La modification du droit d'auteur visant à faire passer à la caisse les géants du web pour l'utilisation des contenus journalistiques est essentielle pour préserver la pluralité des médias en Suisse. Il s'agit d'une solution équitable pour les médias et les plateformes, a affirmé vendredi l'Alliance «FAIRPLAY – FAIRPAY».
«Aujourd'hui, les plateformes technologiques comme Google reprennent des contenus des médias suisses et gagnent des millions avec cela, sans contrepartie, en exploitant une lacune juridique», relève la coprésidente de l'Alliance, la conseillère aux Etats Flavia Wasserfallen (PS/BE), citée dans un communiqué.
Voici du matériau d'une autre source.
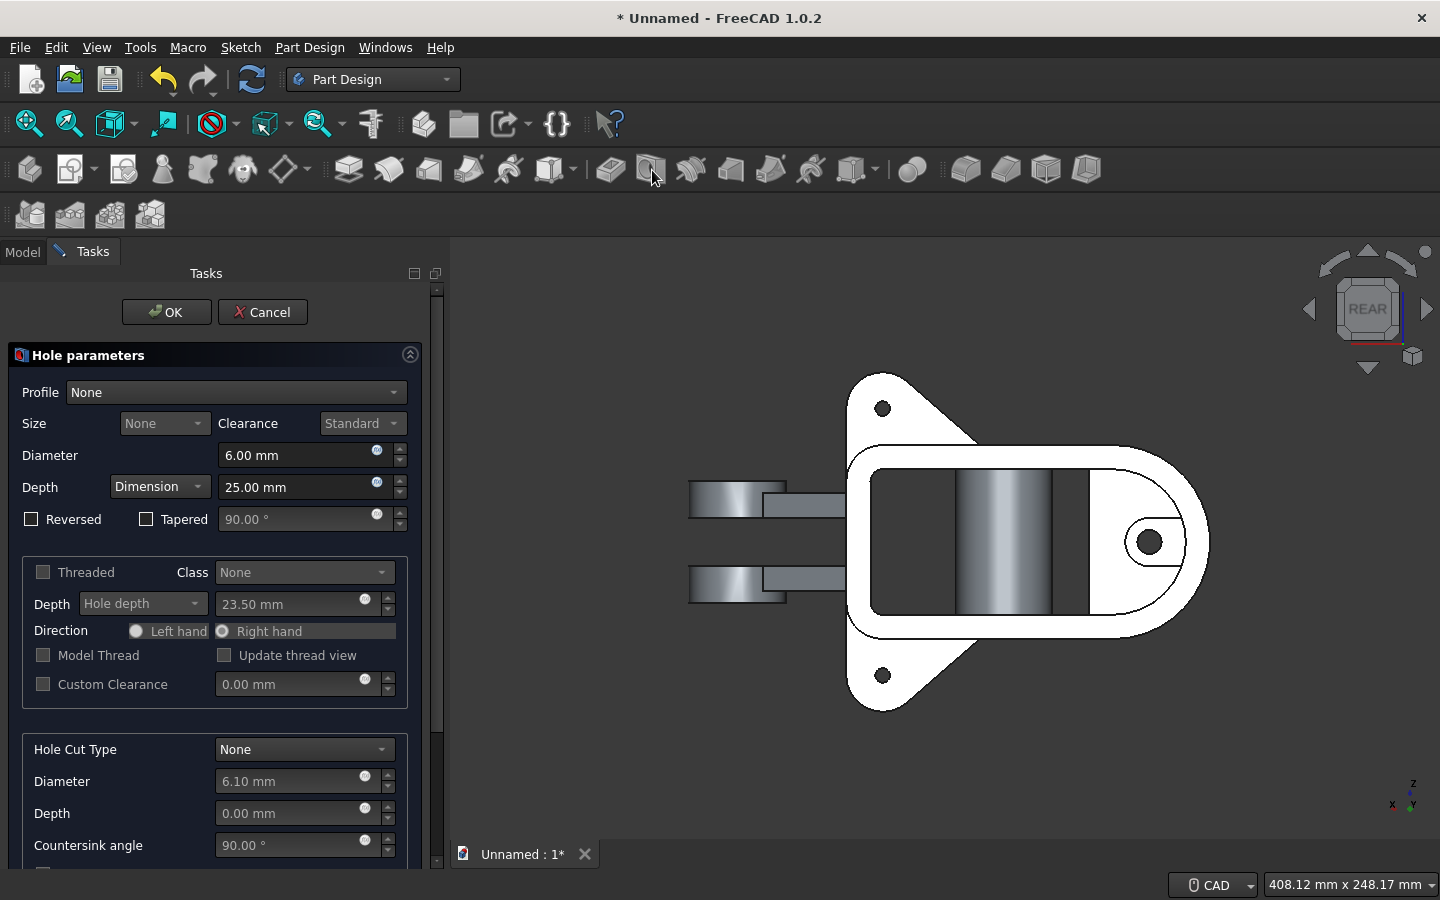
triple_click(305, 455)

«Les médias suisses investissent chaque année des centaines de millions de francs pour la production de contenus journalistiques. Ces investissements profitent directement à notre démocratie et à notre Etat de droit et, sans rémunération, le système est menacé», a dit l'autre coprésident, le conseiller aux Etats Josef Dittli (PLR/UR).
Un «standard international»
L'Alliance souligne que la rémunération du droit voisin est devenue un «standard international». L'UE a déjà introduit une telle législation. Cette réglementation a notamment fait ses preuves en France. La présidente des Vert-e-s Lisa Mazzone a relevé pour sa part que selon le projet du Conseil fédéral, les professionnels des médias recevront également leur part du gâteau.
Une étude commandée par les éditeurs suisses avait chiffré à 154 millions de francs la somme que devrait payer Google en vertu du droit voisin. D'autres estimations évoquent une somme beaucoup plus basse.
L'Alliance est formée de parlementaires issus de tous les partis, ainsi que des associations des éditeurs. La SSR, les associations des radios et télévisions privées ou encore impressum, la plus grande association des professionnels des médias en Suisse, ont également donné leur adhésion.